There are a million places where I could move in on him. The elevator is a classic, the bathroom, or I could make him stay late and grab him while he’s in my office, or even bend him over his desk. I even briefly debated the stairwell. However, with sexual harassment lawsuits running rampant, I decide to give the poor boy a warning before I completely dominate his ass.
Jordan jumps when I toss documents onto his desk. He turns beet red, probably because I caught him playing reading that old Zero Impact Man blog instead of working. I’ve fired people for less, and he knows it.
“Mr. Bentley,” he stammers. “I had just finished that—“
I tap the paper. “Take a good look at that before you sign it,” I cut him off, and head back to my office. “Top one goes to Human Resources. Keep a copy for yourself, and file one for me under your name.”
It’s a waiver stating that we have a consensual sexual relationship and that he can’t sue the company if I decide he’s not as good a fuck as I thought. My signature is already on the paper. It’s a risky move, especially if he complains to HR before he signs it. I pretend not to pay attention when he glances back at me.
I’m surprised when not a minute later, he knocks on the door to give the papers back to me.
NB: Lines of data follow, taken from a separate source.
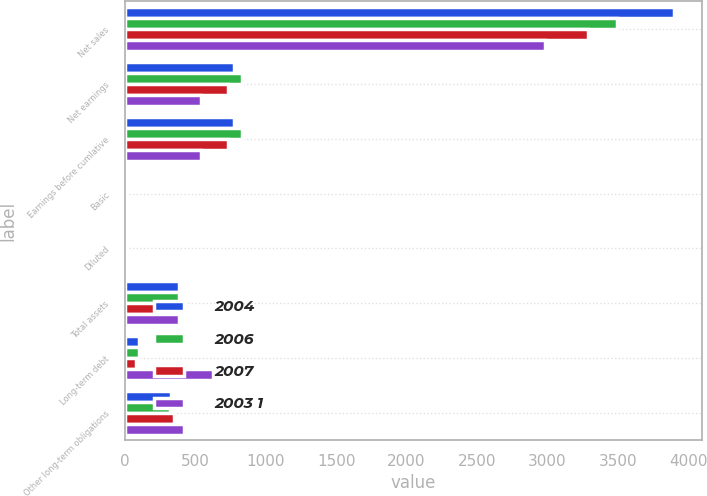Convert chart. <chart><loc_0><loc_0><loc_500><loc_500><stacked_bar_chart><ecel><fcel>Net sales<fcel>Net earnings<fcel>Earnings before cumlative<fcel>Basic<fcel>Diluted<fcel>Total assets<fcel>Long-term debt<fcel>Other long-term obligations<nl><fcel>2004<fcel>3897.5<fcel>773.2<fcel>773.2<fcel>3.28<fcel>3.26<fcel>384.6<fcel>104.3<fcel>328.4<nl><fcel>2006<fcel>3495.4<fcel>834.5<fcel>834.5<fcel>3.43<fcel>3.4<fcel>384.6<fcel>99.6<fcel>323.4<nl><fcel>2007<fcel>3286.1<fcel>732.5<fcel>732.5<fcel>2.96<fcel>2.93<fcel>384.6<fcel>81.6<fcel>348.3<nl><fcel>2003 1<fcel>2980.9<fcel>541.8<fcel>541.8<fcel>2.22<fcel>2.19<fcel>384.6<fcel>624<fcel>420.9<nl></chart> 
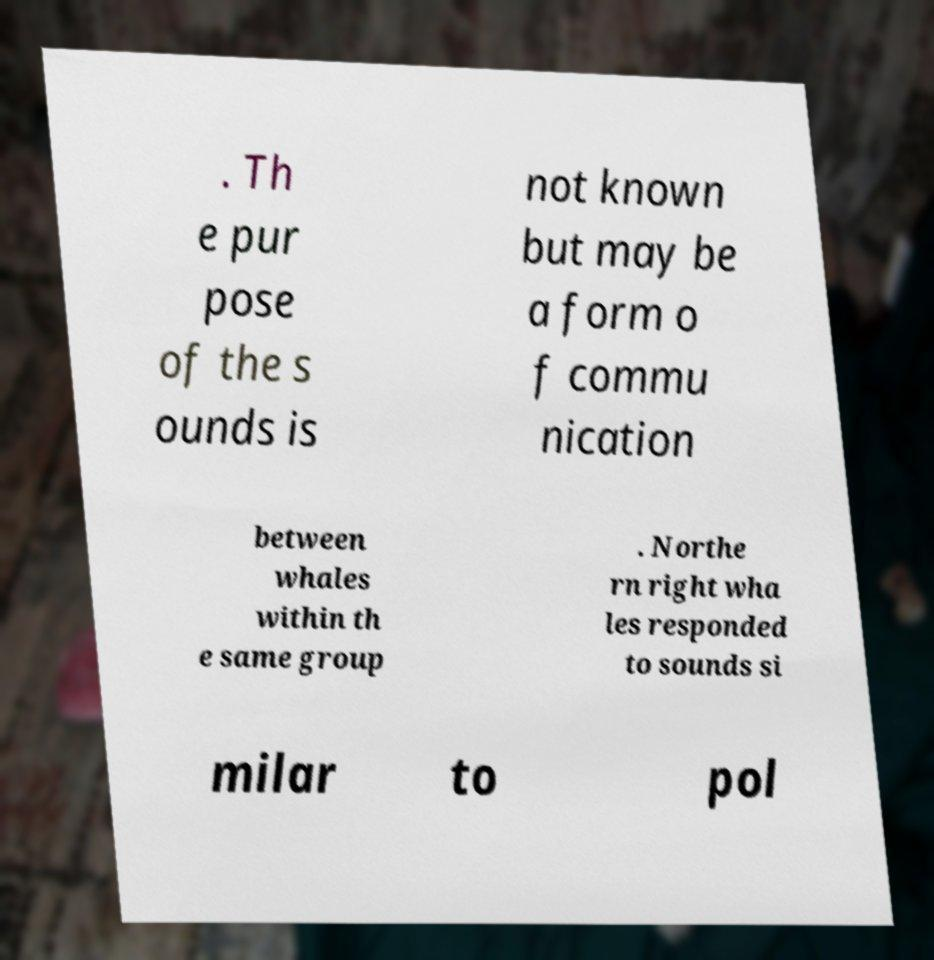Please read and relay the text visible in this image. What does it say? . Th e pur pose of the s ounds is not known but may be a form o f commu nication between whales within th e same group . Northe rn right wha les responded to sounds si milar to pol 
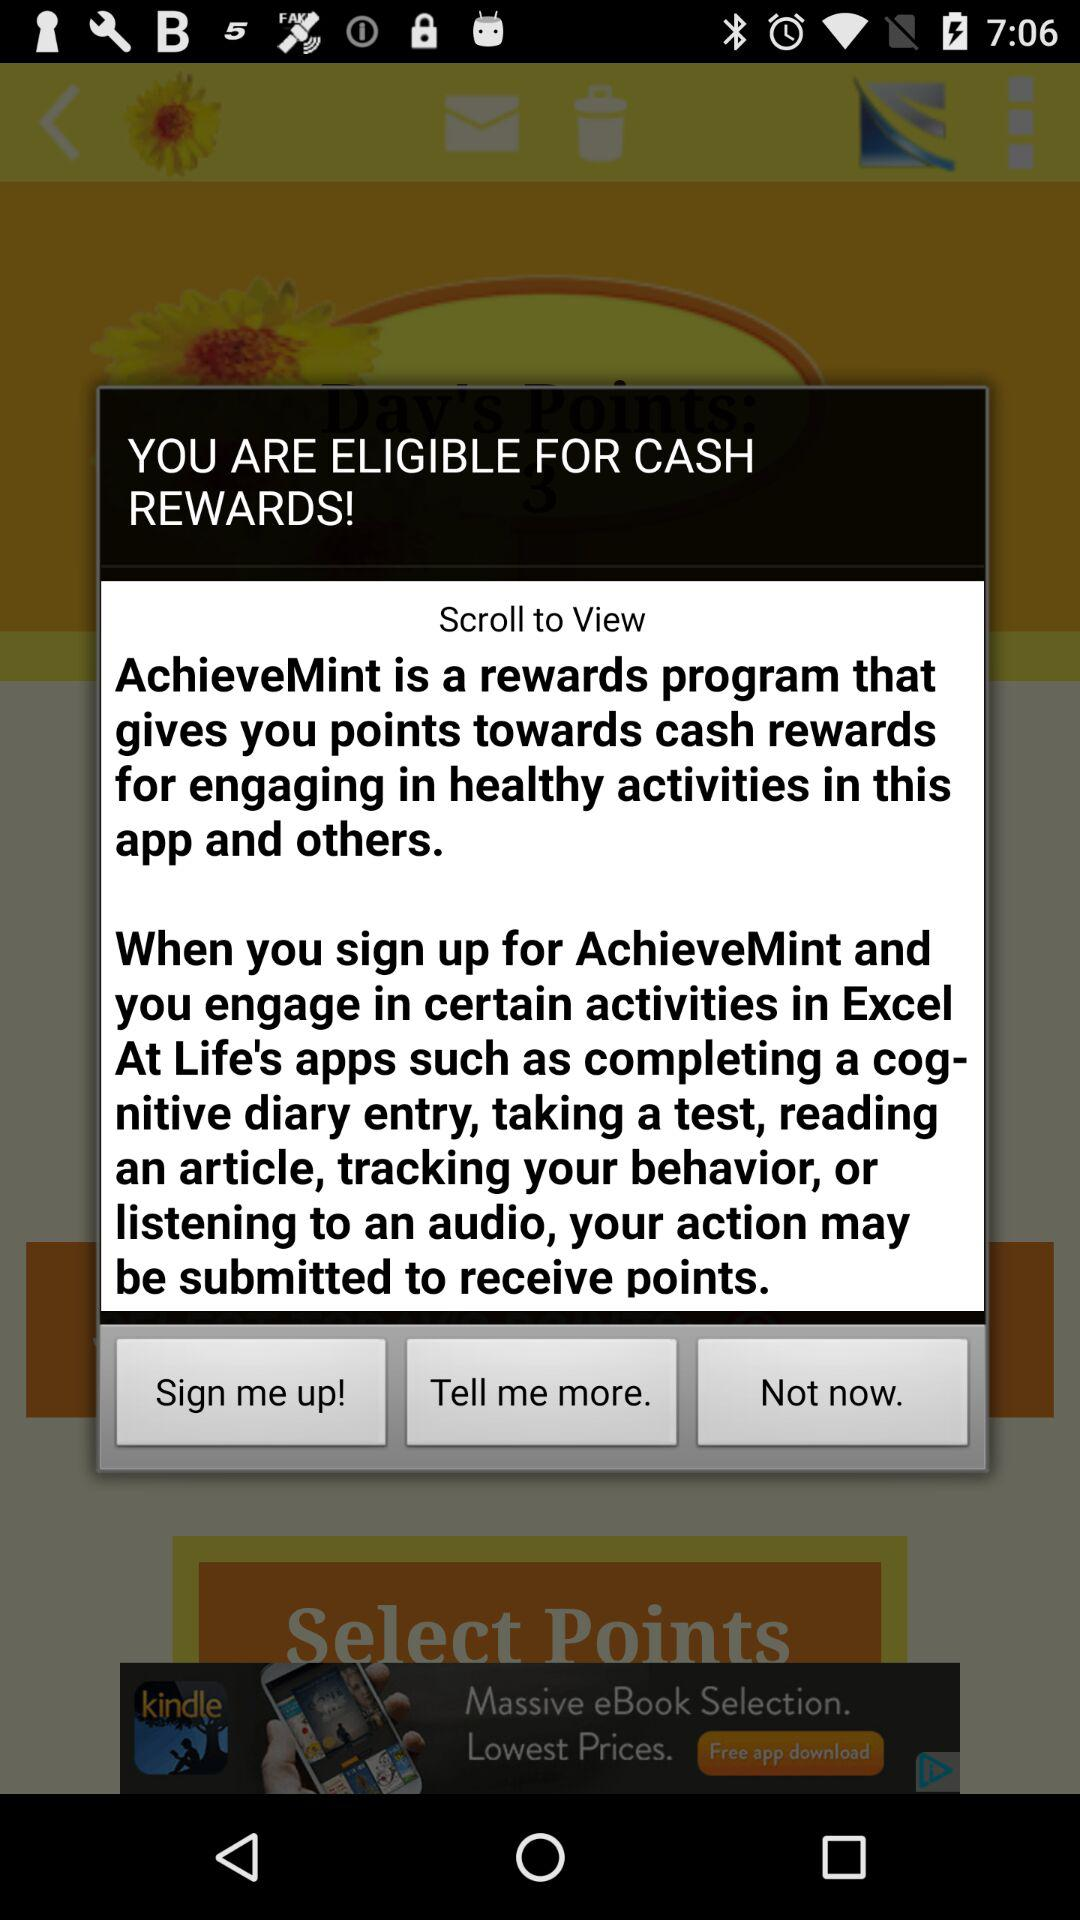What is the name of the application? The name of the application is "AchieveMint".

I indicate the desk with my pen, and he sets the papers down and steps back. I intend to ignore him until I can get some work done, then I’ll fuck him. He’s fidgeting like a spider monkey, so I look up.
“Mr. Bentley, I just wanted to apologize,” he says quickly, not meeting my eyes. “I wasn’t goofing off, honestly, I was—“
I’m not interested. “Did you read this?” I ask, indicating the document.
“Yes, sir,” he answers. “I sent the original to Human Resources and made two copies.”
My secretary is a liar. Jordan didn’t read shit. “Your thoughts.”
“What?” He glances down quickly, but it’s too far away for him to read. “Oh. Everything, uh, looks in order, sir.”
I feel satisfyingly predatory when I smile and say, “Glad you think so.”
It’s a dismissal, and Jordan’s not that dumb. I go back to my work, he goes back to his desk, but I see him glance up every so often. The idiot still doesn’t look at the consent form. He probably thinks that I’m going to fire him.